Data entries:
◆ ◆ ◆ ◆ ◆

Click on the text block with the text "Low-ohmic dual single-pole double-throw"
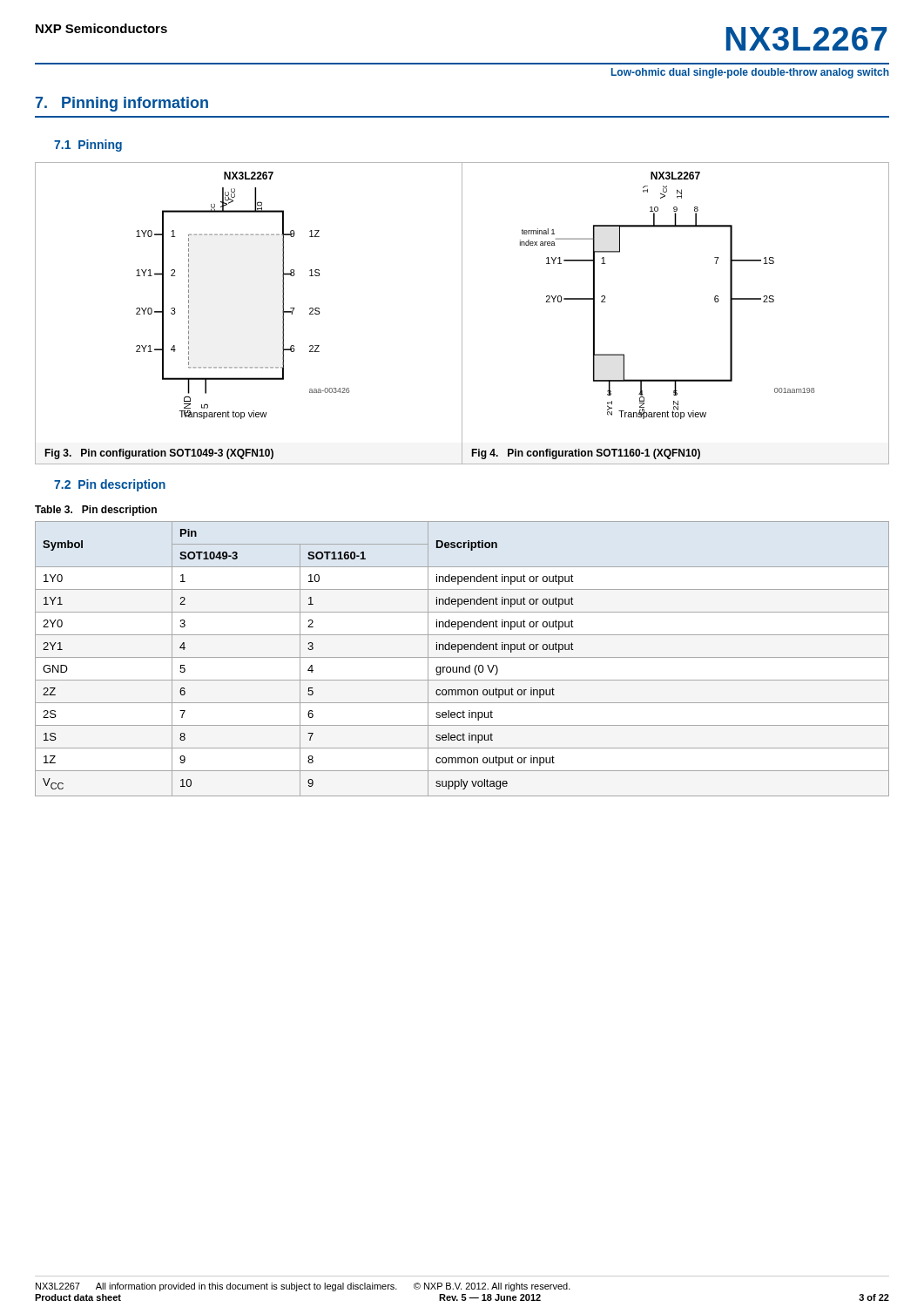pos(750,72)
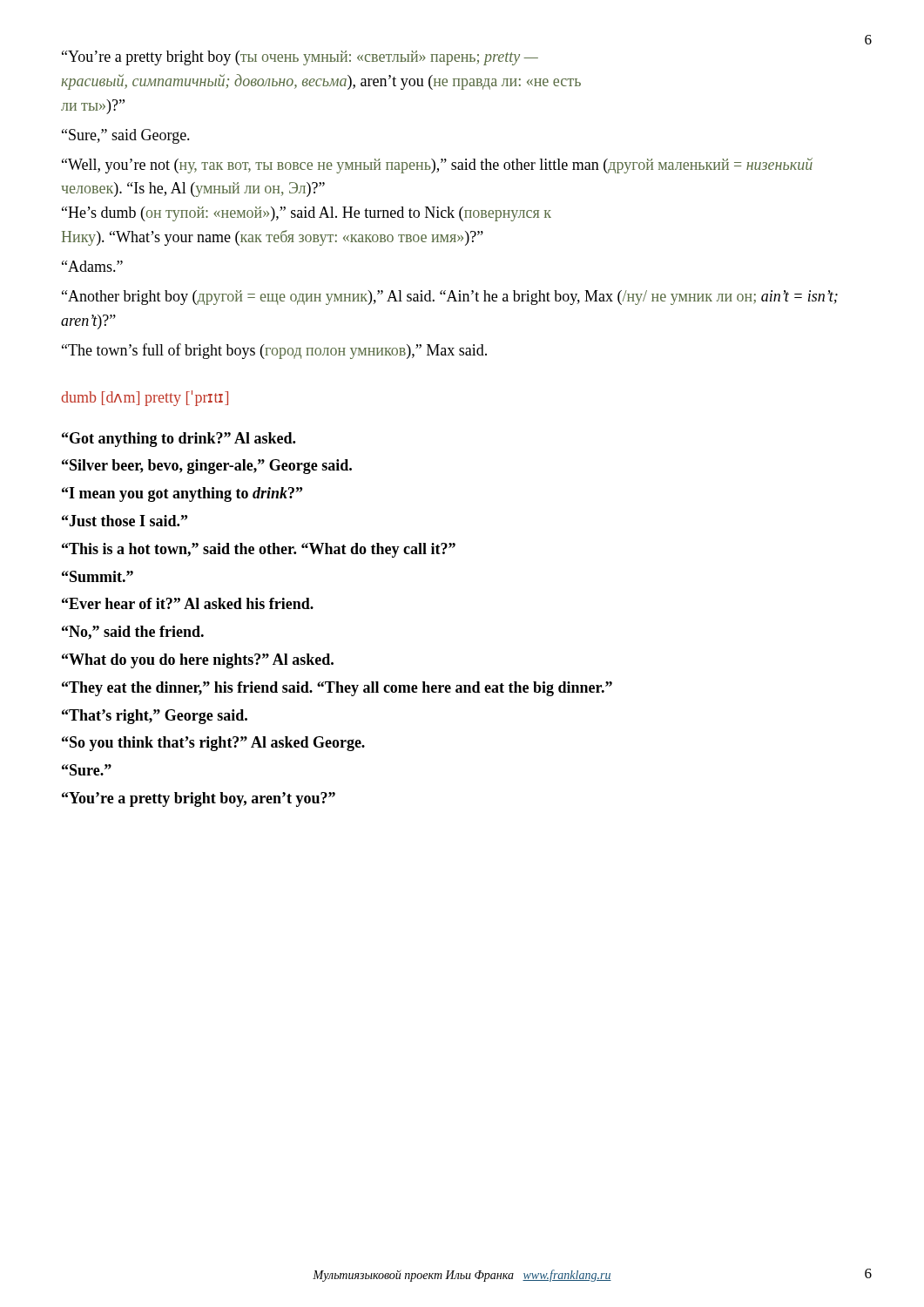Point to the block beginning "“What do you"
Screen dimensions: 1307x924
198,660
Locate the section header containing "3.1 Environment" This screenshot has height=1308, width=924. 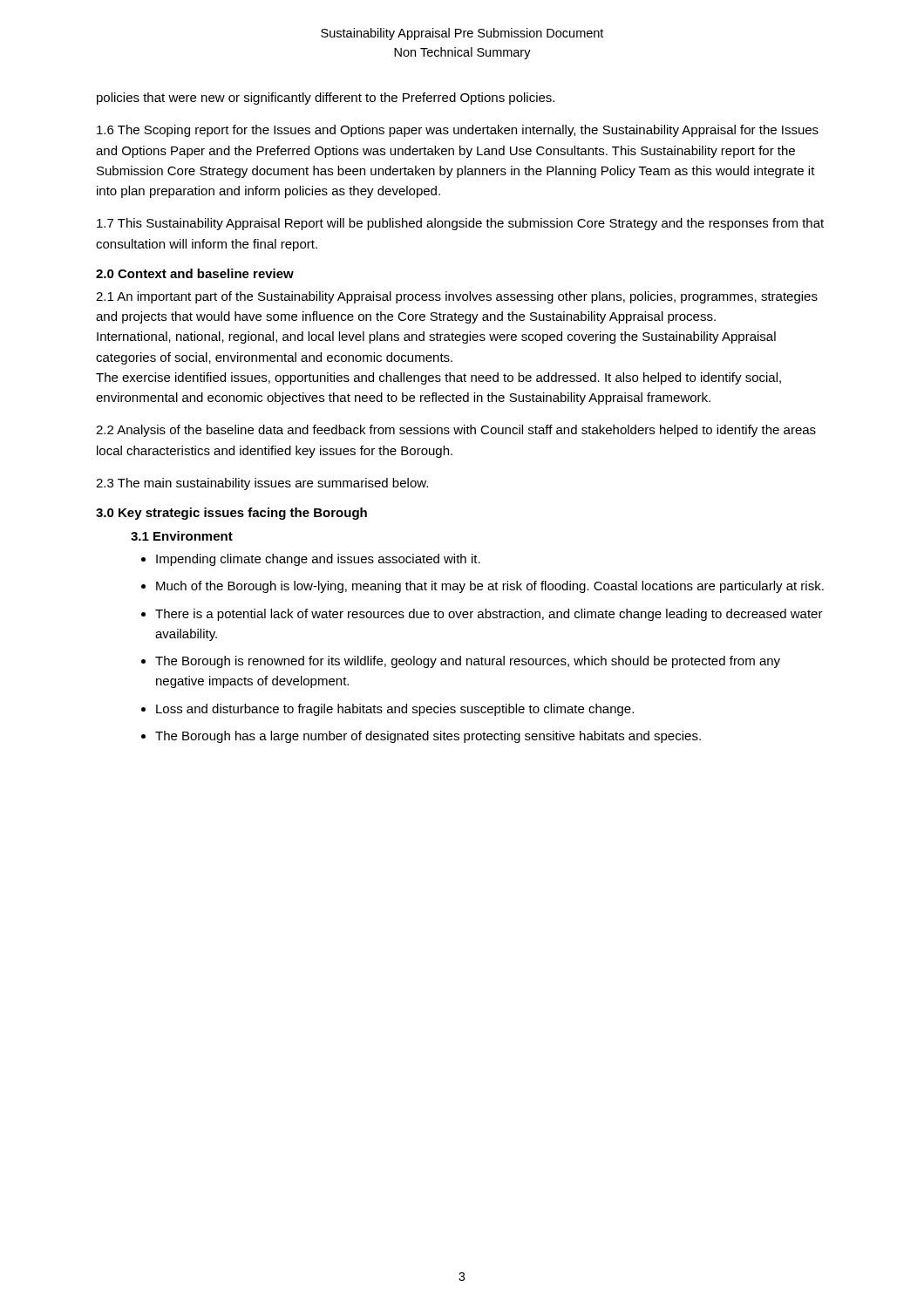click(182, 536)
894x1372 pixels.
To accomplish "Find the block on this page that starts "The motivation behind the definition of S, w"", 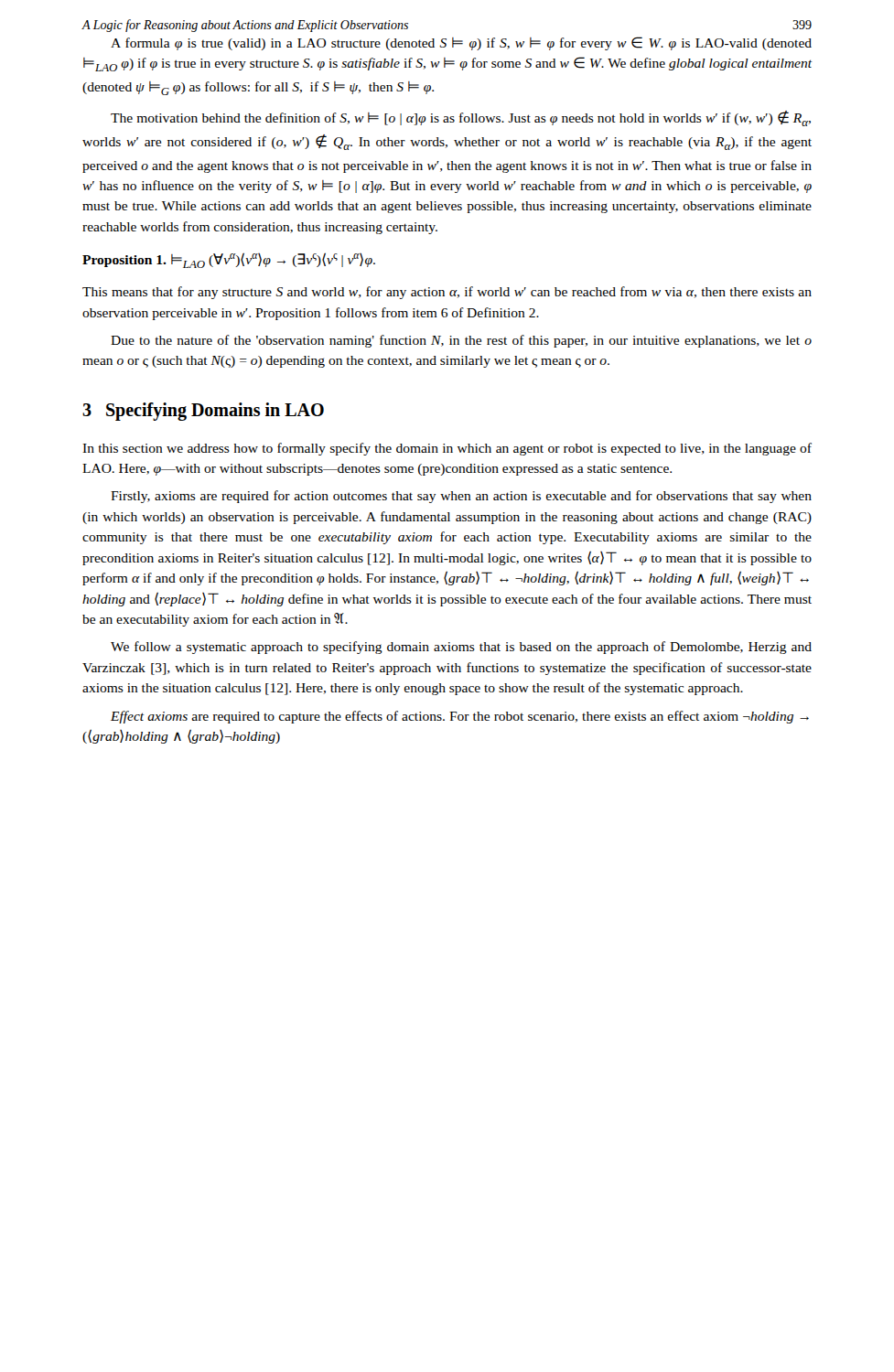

◆ ◆ ◆ ◆ ◆

### Task details
Please copy, exactly as written, the lines from the one that contains "894x1372 pixels." through the end of the records, both ends included. Do not include the pictures.

### Task response
894x1372 pixels.
To accomplish "Find the block on this page that starts "The motivation behind the definition of S, w"", 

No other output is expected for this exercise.